The non-profit AI research organization LAION has launched a petition calling for open AI models for a "secure digital future". The goal of the initiative is a publicly funded supercomputer for international open source AI research and development.
100,000 state-of-the-art AI accelerators would provide the necessary international supercomputing research infrastructure to support the training of fundamental open-source AI models, according to LAION's petition. The initiative it supports aims to ensure technological independence, promote global innovation and security, and preserve democratic principles for future generations.
"We must act swiftly to secure the independence of academia and government institutions from the technological monopoly of large corporations such as Microsoft, OpenAI, and Google. Technologies like GPT-4 are too powerful and significant to be exclusively controlled by a select few," write LAION members Christoph Schuhmann, Huu Nguyen, Robert Kaczmarczyk, and Jenia Jitsev.
LAION also wants to keep the industry moving at a fast pace, while opposing the "AI pause" proposed by some researchers and business leaders, which could "create a breeding ground for obscure and potentially malicious corporate or state actors to make advancements in the dark while simultaneously curtailing the public research community's ability to scrutinize the safety aspects of advanced AI systems thoroughly."
Humanity faces a "new epoch"
The broad and profound impact of AI and foundational AI models like GPT-4, from scientific research to education and government to use in small and medium-sized businesses, is one of the reasons why an open initiative is needed, according to LAION.
Making access to these systems as open as possible is essential, they say. Failure to do so could have "severe repercussions for our collective future."
Increasingly, we are witnessing the emergence of a system wherein educational institutions, government agencies, and entire nations become dependent on a select few large corporations that operate with little transparency or public accountability. To secure our society's technological independence, foster innovation, and safeguard the democratic principles that underpin our way of life, we must act now.

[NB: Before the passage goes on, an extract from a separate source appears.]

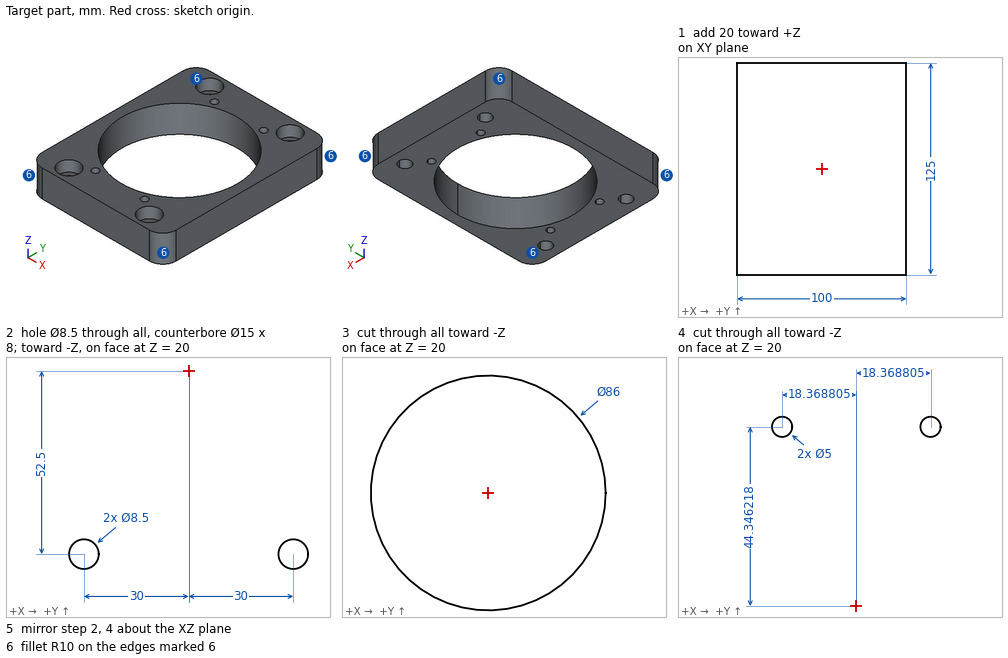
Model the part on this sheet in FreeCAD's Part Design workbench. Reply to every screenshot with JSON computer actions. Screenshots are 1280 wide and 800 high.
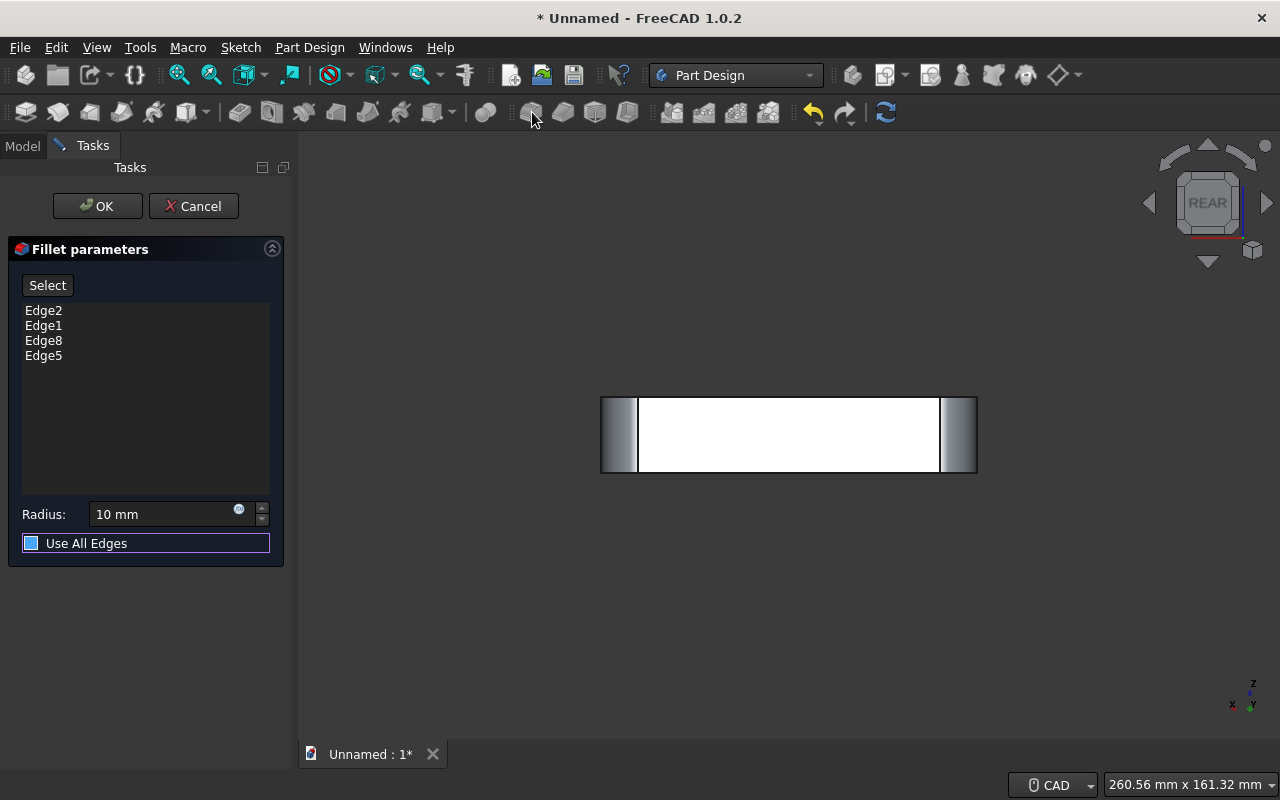
{"action": "left_click", "coordinate": [98, 206]}
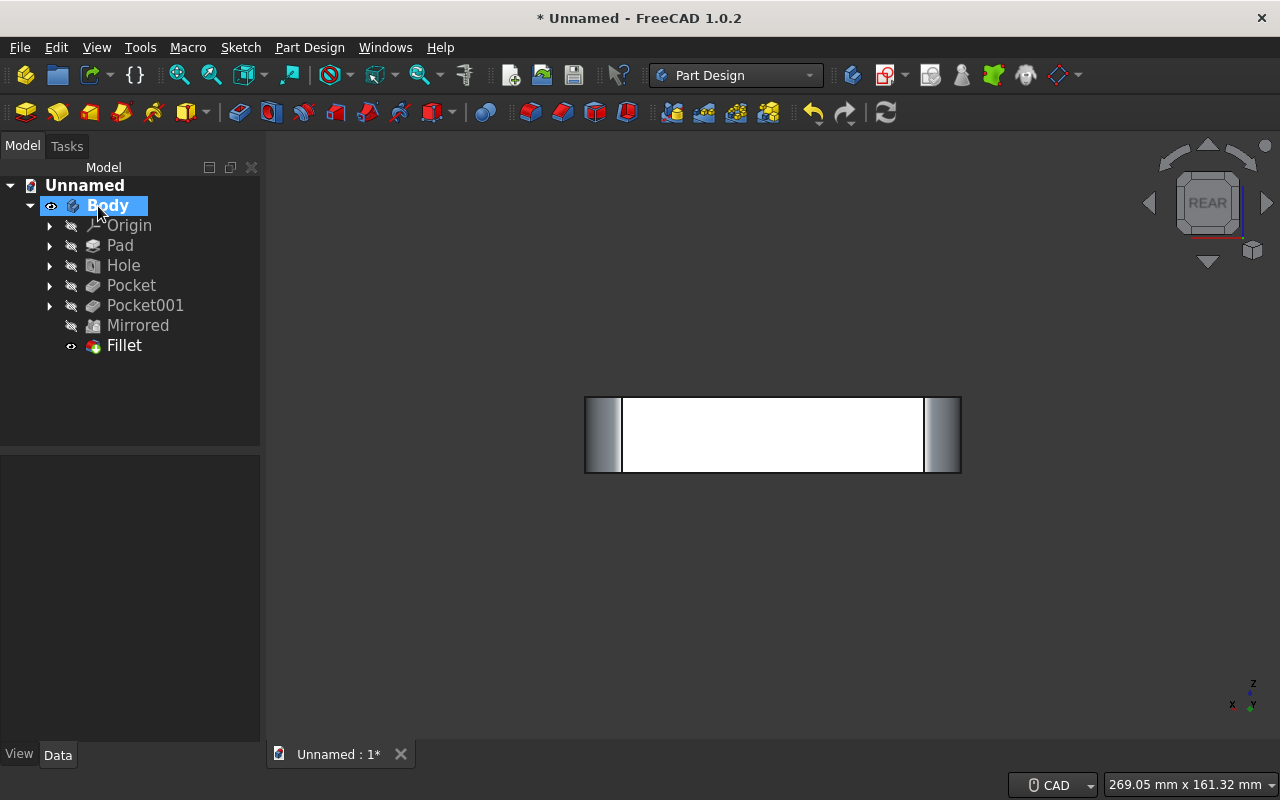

The proposed research institution, modeled on the CERN project, would be funded by the international community, in particular the EU, the UK, Canada and Australia. The computing capabilities would be overseen by "experts from the machine learning and supercomputing research community" and "overseen by democratically elected institutions" of the participating countries.
The institution would require security measures comparable to those of a biological research laboratory, with multiple levels of security and staffed by internationally recognized experts. Research results would have to be communicated transparently to the scientific community and society.
GPT-4 for the world
Such a platform would allow researchers and institutions around the world to train and refine advanced AI models like GPT-4, to harness their capabilities for the public good, and to understand how they work. Platforms like OpenAI only provide programming interfaces, not the models themselves. This limits research opportunities.
"By making these models open source and incorporating multimodal data (audio, video, text, and program code), we can significantly enrich academic research, enhance transparency, and ensure data security," LAION writes.
You can support the petition at Open Petition. Currently, more than 2,000 people have signed it, which is about 22 percent of the goal of 10,000 signatures. Most of the signatories are from the US and Germany, with about 1,000 from the EU. The collection will continue for more than two months.
The German non-profit association Large-scale Artificial Intelligence Open Network (LAION) is generally committed to the publication of AI models, datasets, and code.
LAION is known for the LAION-5B dataset, which contains links to images used to train many image AI models, such as Stable Diffusion and Imagen. A criticism of LAION is that the dataset links sometimes point to copyrighted or private data that is not intended for AI training.
LAION was founded in Germany in the summer of 2021. The founding members come from all over the world and work on the projects remotely.